Cathedral helps children in Jamaica

A children’s home in Jamaica will benefit following an appeal at Llandaff Cathedral.

Parishioners raised £5,500 in this year’s Lent Appeal for the Wortley Home in Kingston which looks after up to 25 children who are victims of the island’s widespread poverty and crime.

They were asked to help by the Bishop of Kingston, the Right Reverend Robert Thompson. The Wortley Home has been open for more than100 years and since 1984 has been managed as an Outreach Project by St. Jude’s Church in Stony Hill.  It looks after children, ranging from age eight  to 17, most of whom come through both the court systems and the Child Development Agency.

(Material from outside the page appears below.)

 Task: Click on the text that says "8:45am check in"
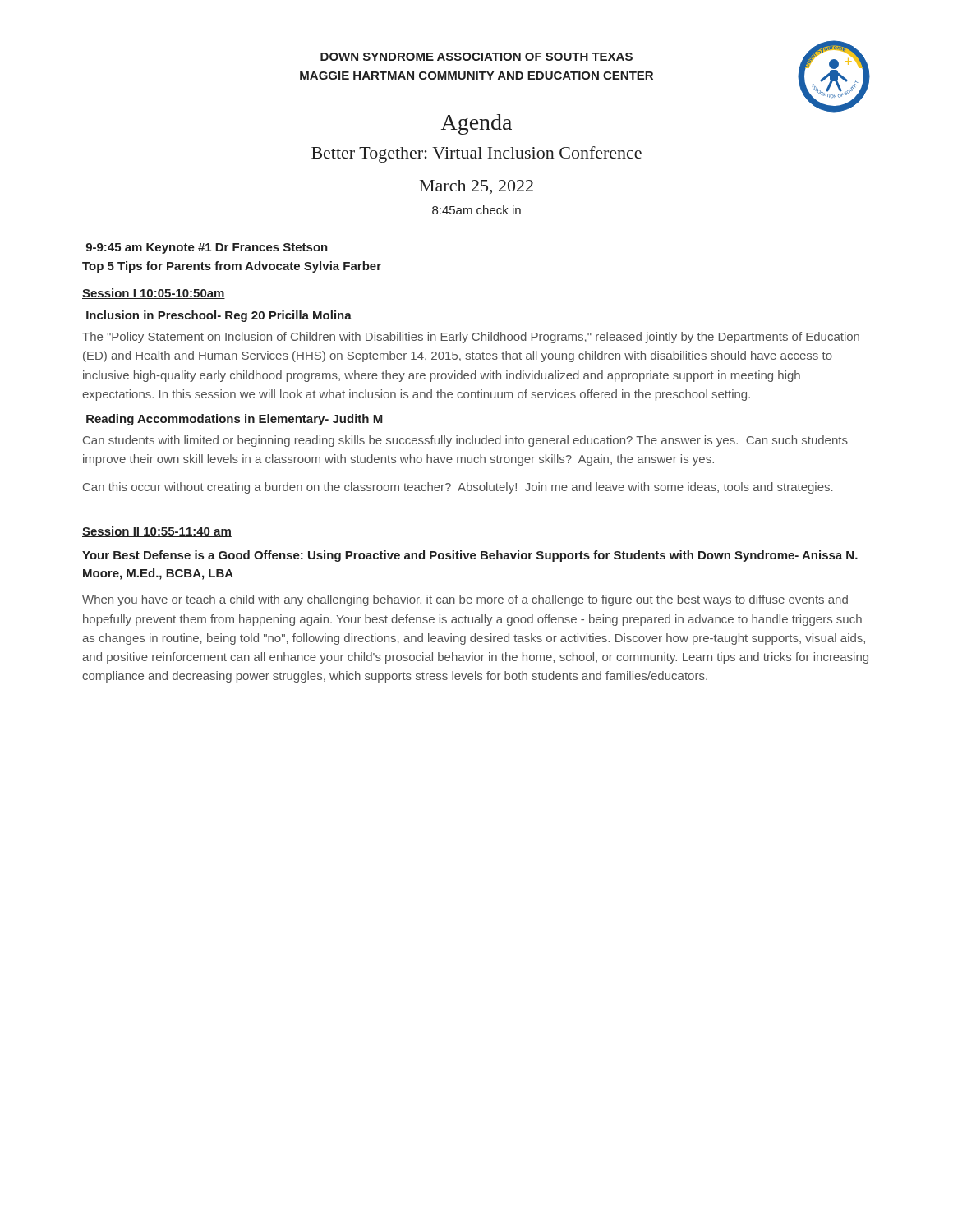point(476,210)

The Lent Appeal builds on the success of the Cathedral’s efforts in 2009 when more than £35,000 was raised for various outreach projects. The most noteable of these was the Harvest Appeal to buy pigs for a farming community in Ghana. Parishioners raised £5,700 for a project run by a St Matthew’s Church in Zagyuri, in the Tamale region to build a piggery. A pig house has since been built and a boar and four sows have been bought. The farm will provide income for the community of 3,000 people who live in poverty as well as food. The project is supported by USPG/ Anglicans in World Mission.

The Dean of Llandaff, John Lewis, said, “We thank God for the generosity of so many in our Christian community to support those in other Christian communities by prayer and purse.  Such projects as the pig farm and the children’s home help us to focus our efforts.”